Records for this exercise>
================================

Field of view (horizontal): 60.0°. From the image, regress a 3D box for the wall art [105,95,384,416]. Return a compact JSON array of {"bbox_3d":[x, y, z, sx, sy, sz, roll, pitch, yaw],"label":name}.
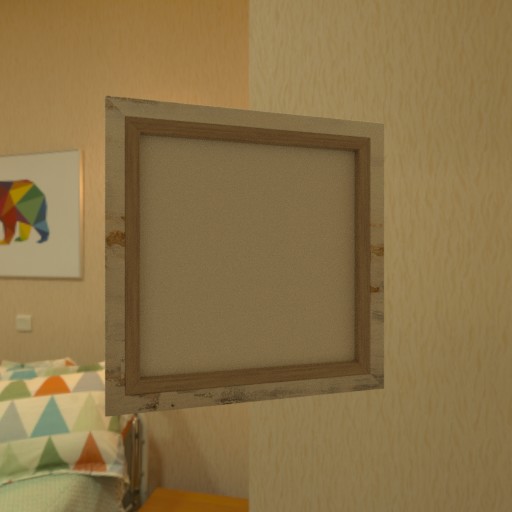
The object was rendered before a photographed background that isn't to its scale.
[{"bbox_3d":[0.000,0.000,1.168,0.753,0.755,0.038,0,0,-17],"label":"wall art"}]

================================

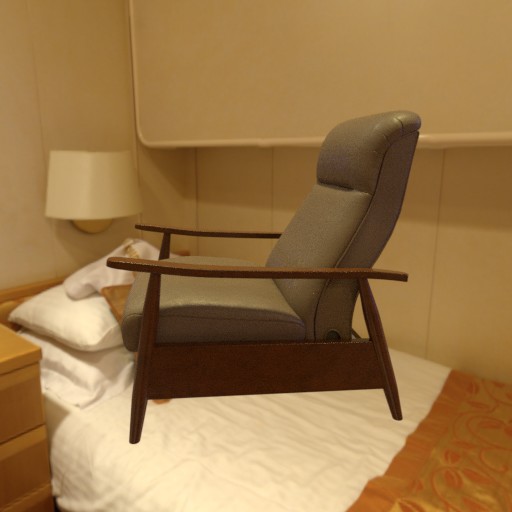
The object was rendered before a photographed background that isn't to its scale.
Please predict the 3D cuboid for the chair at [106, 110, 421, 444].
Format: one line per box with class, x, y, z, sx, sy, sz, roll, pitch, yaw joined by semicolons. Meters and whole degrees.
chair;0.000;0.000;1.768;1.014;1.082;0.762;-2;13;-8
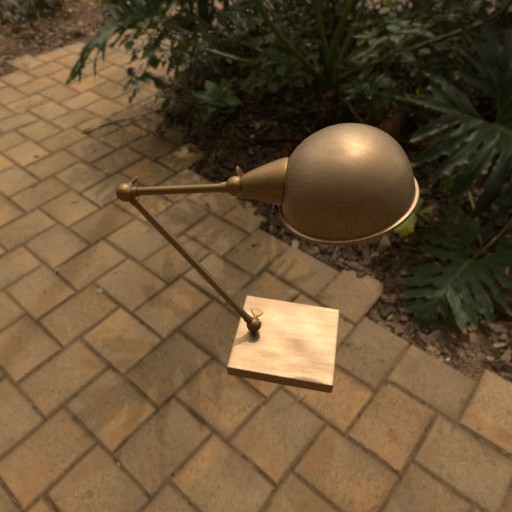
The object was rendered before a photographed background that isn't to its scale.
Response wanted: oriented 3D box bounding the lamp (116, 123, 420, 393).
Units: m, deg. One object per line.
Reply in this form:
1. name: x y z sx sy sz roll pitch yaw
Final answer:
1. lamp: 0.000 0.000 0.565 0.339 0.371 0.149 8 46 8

================================

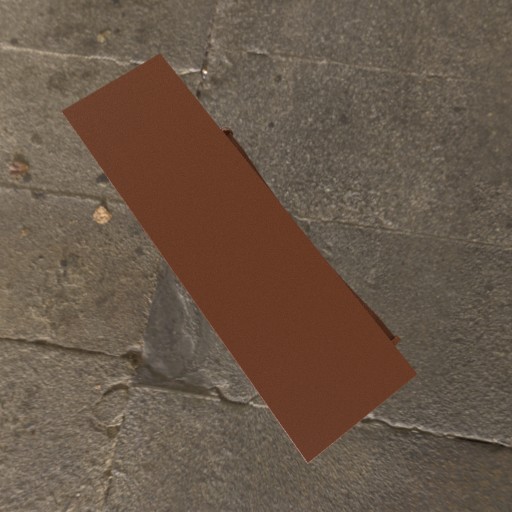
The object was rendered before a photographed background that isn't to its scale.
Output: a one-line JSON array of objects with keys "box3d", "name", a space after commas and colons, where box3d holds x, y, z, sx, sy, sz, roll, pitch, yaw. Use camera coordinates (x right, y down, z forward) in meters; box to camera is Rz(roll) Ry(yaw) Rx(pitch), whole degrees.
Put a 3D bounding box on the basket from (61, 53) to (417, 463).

================================

Say how many lines of the preceding data include the word "JSON". The number is the whole answer.

Response area>
2